Method 3: HashMap with a trick

Another way to solve this problem is using the dictionary data type but this time, we use the starting index variable and the ending index variable to check whether we added an item to the dictionary or not. If we add an item, we increment the ending index variable, and if find a repeating character, we shift the starting index to the next position. This way we ignore the previous characters, each time we find a repeating character. This increases efficiency and saves space. To implement this algorithm, follow the below steps-

  1. Create a variable to keep track of the starting index of the substring (in this case, i), and likewise, an ending index variable (j). Also, create a variable to keep track of the longest substring length found so far. Initialize all these variables to 0.

  2. Now create an empty dictionary, which we'll use to traverse all characters in the given string.

  3. Create an empty string variable to keep track of the longest string found.

  4. Create a while loop to traverse all the characters of the given string till the end. Then using an if statement, check whether the character is in the dictionary or not. In case it isn't, add the character and its index as a key-value pair in the dictionary. Now, we check using another if statement, if the length of the current substring is greater than the previous substring. Initially, it would always be true. If it is, we include this character for now. After adding the character and its index in the dictionary, we increment the ending variable. This way we only consider two characters at a time. Now we set the longest length equal to the length of the previous or current substring, whichever is greater.

  5. In case we find a repeating character, we delete the character just before this position and shift the starting index variable forward, so that we only consider two characters at a time.

  6. Finally, we print the longest substring with its length.

Implementation example

The following program executes the algorithm discussed above.

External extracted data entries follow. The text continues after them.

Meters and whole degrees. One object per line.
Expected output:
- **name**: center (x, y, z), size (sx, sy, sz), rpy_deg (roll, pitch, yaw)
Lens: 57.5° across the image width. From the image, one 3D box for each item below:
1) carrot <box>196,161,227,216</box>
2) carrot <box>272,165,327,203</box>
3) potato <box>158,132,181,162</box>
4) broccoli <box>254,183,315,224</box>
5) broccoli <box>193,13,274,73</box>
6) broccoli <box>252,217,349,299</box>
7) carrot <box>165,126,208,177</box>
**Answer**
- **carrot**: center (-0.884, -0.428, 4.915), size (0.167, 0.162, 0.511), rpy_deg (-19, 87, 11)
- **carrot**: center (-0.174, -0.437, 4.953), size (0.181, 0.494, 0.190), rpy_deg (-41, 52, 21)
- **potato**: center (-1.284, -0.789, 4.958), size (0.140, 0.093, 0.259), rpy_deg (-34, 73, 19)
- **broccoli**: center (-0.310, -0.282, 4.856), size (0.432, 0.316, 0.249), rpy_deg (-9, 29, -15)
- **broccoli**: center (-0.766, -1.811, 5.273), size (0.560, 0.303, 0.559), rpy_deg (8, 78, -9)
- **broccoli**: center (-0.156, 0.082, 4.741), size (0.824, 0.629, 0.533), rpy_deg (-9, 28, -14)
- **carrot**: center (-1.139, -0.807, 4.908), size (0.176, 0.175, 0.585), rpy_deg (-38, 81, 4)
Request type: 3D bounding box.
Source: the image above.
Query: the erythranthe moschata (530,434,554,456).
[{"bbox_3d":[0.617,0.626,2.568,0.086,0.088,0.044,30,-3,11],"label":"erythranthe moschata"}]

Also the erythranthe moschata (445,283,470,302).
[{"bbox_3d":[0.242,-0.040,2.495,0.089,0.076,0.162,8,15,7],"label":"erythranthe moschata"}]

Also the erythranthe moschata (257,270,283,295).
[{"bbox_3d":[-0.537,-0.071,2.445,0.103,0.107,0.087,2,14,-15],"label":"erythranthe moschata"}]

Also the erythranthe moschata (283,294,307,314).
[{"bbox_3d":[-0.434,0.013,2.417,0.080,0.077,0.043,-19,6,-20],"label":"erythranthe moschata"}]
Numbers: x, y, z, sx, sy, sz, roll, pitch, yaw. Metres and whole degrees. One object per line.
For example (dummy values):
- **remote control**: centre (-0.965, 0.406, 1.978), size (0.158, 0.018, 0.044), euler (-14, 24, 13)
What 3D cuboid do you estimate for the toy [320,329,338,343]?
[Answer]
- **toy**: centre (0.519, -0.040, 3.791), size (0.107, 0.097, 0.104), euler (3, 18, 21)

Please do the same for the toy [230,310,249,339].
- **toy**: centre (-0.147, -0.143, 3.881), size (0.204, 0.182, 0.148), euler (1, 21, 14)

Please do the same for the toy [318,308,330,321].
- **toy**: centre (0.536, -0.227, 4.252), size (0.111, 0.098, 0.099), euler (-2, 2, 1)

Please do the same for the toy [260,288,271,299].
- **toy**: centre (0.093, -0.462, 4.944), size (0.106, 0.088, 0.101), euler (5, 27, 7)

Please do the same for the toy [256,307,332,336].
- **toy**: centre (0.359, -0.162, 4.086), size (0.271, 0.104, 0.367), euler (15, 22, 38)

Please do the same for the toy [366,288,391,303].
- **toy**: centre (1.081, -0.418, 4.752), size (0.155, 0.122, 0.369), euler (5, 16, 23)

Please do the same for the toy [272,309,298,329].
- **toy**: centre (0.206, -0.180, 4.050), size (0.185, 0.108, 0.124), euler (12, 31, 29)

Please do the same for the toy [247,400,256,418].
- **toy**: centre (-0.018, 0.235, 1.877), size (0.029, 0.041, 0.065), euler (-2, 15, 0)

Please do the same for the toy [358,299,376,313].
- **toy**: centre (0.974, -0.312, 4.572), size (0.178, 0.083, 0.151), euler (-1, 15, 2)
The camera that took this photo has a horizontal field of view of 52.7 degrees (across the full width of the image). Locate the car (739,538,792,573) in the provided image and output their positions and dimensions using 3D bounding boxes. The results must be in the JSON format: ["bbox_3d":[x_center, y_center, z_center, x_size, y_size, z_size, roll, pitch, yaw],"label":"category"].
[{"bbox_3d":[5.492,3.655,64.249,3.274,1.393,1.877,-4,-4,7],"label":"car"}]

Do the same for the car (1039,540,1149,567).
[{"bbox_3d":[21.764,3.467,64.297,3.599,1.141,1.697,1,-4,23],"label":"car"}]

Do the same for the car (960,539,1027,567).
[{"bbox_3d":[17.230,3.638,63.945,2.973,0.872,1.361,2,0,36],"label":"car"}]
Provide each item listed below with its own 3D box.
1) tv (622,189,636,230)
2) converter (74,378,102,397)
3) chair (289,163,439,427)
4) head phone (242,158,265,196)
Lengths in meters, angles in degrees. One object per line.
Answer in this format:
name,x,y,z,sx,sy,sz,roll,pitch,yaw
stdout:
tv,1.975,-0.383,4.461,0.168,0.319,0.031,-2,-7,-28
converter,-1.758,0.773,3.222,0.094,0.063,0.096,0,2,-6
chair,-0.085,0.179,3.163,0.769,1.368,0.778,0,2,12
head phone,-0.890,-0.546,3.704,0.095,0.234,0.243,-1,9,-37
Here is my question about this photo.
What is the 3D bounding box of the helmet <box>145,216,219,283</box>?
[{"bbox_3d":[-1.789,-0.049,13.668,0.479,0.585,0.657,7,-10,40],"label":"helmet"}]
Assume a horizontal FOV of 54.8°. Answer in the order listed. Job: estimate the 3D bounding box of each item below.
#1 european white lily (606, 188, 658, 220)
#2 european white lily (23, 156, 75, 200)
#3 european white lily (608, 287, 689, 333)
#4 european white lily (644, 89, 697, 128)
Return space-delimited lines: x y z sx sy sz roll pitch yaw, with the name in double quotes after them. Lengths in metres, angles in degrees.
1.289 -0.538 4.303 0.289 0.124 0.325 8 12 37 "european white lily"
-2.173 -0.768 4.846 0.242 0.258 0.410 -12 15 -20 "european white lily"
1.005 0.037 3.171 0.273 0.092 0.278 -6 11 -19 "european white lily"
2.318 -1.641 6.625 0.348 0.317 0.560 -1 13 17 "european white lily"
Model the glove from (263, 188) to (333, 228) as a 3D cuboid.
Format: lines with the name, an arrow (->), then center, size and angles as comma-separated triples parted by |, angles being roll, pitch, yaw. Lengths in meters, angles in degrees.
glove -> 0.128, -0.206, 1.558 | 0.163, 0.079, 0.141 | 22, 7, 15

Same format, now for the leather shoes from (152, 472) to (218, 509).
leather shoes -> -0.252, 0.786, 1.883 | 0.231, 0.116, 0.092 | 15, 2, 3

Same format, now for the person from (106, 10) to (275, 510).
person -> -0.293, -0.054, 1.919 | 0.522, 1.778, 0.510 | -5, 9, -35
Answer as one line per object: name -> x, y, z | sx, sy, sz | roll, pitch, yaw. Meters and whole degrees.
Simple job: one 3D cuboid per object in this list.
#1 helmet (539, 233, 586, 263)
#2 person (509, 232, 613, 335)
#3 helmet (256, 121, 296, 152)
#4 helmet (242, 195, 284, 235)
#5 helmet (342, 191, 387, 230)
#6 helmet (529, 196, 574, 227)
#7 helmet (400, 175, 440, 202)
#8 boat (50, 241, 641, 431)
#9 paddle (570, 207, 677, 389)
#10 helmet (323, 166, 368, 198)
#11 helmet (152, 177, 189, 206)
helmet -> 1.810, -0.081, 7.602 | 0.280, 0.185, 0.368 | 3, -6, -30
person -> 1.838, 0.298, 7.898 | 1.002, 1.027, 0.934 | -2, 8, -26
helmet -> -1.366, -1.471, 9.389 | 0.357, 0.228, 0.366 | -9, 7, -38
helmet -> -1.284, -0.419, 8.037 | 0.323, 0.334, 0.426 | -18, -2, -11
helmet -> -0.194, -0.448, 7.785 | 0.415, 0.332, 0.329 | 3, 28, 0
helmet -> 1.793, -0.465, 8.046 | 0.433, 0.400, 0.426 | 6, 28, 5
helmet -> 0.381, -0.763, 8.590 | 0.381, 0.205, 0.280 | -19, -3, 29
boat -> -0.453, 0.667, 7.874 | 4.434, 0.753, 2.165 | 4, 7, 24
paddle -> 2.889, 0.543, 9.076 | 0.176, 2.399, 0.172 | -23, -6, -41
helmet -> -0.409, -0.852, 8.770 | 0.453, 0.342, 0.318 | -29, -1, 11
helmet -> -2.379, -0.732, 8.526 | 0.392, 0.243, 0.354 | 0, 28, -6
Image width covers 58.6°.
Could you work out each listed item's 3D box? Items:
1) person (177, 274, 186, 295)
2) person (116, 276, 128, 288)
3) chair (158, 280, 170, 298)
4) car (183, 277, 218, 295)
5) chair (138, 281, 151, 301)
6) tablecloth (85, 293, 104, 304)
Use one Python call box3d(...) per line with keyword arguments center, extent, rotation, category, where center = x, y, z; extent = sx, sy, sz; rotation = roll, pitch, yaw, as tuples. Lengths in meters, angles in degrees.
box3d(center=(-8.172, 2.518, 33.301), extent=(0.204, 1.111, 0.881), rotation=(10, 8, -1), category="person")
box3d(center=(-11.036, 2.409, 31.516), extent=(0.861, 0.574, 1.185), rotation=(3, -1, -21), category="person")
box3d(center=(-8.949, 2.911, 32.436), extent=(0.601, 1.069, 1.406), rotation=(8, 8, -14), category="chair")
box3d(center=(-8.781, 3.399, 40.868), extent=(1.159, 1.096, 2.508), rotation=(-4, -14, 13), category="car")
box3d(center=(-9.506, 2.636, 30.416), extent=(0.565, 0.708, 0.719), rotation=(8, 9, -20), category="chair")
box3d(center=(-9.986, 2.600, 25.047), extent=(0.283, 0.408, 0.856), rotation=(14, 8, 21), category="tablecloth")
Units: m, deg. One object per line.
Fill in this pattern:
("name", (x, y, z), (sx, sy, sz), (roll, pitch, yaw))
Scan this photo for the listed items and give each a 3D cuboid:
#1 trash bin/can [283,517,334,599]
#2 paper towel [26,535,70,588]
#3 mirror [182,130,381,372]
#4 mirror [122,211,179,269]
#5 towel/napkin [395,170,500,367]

# Part of iq.opengenus.org
def longest_substring(s):

    # end is j, i is start
    # increase j to imply that length increases
    # increase i to shift the starting index
    i = j = longest_len = 0
    chars = dict()

    # empty string variable 
    longest_str = ''
    while j < len(s):
        if s[j] not in chars:
            # add character if unique
            chars[s[j]] = j

            # if current substring's length is greater,
            # include the newly added character to the empty string
            if len(chars)> longest_len:
                longest_str += s[j]
            # increment ending index variable
            # so that we only consider two elements at a time
            j = j + 1

            # set longest length equal to previous or current substring's length
            # whichever is greater
            longest_len = max(longest_len, len(chars))
            
            
        else:
            # delete the character just before the repeating character
            # increment the starting index variable
            # so that we only consider, two elements at a time

            del chars[s[i]]
            i = i + 1
    # print the longest substring with its length
    print(f'The longest substring: {longest_str}, length: {longest_len}')
    

# example to test the longest substring program
x = 'ACDBVWGVRWFRADS'
longest_substring(x)

The above program produces the following output.

The longest substring: ACDBVWG, length: 7

Complexity

  • Time: since we again use a dictionary in this method, so the runtime in the worst case would be O(n) and in the best case O(1).

  • Space: the space requirement would also be constant in either best or worst case, so the space complexity would be O(1).

Applications of this problem

  • String manipulation and lookup are used by many algorithms in computer science, which in turn are widely used in applications like plagiarism checker, file scanning, image to text conversions, search engines, spell checker programs etc.
  • In many areas of biology and biotechnology, particularly DNA sequence analysis and related areas that require biological data, string algorithms are widely applicable.

With this article at OpenGenus, you must have the complete idea to find the Longest substring without repeating characters.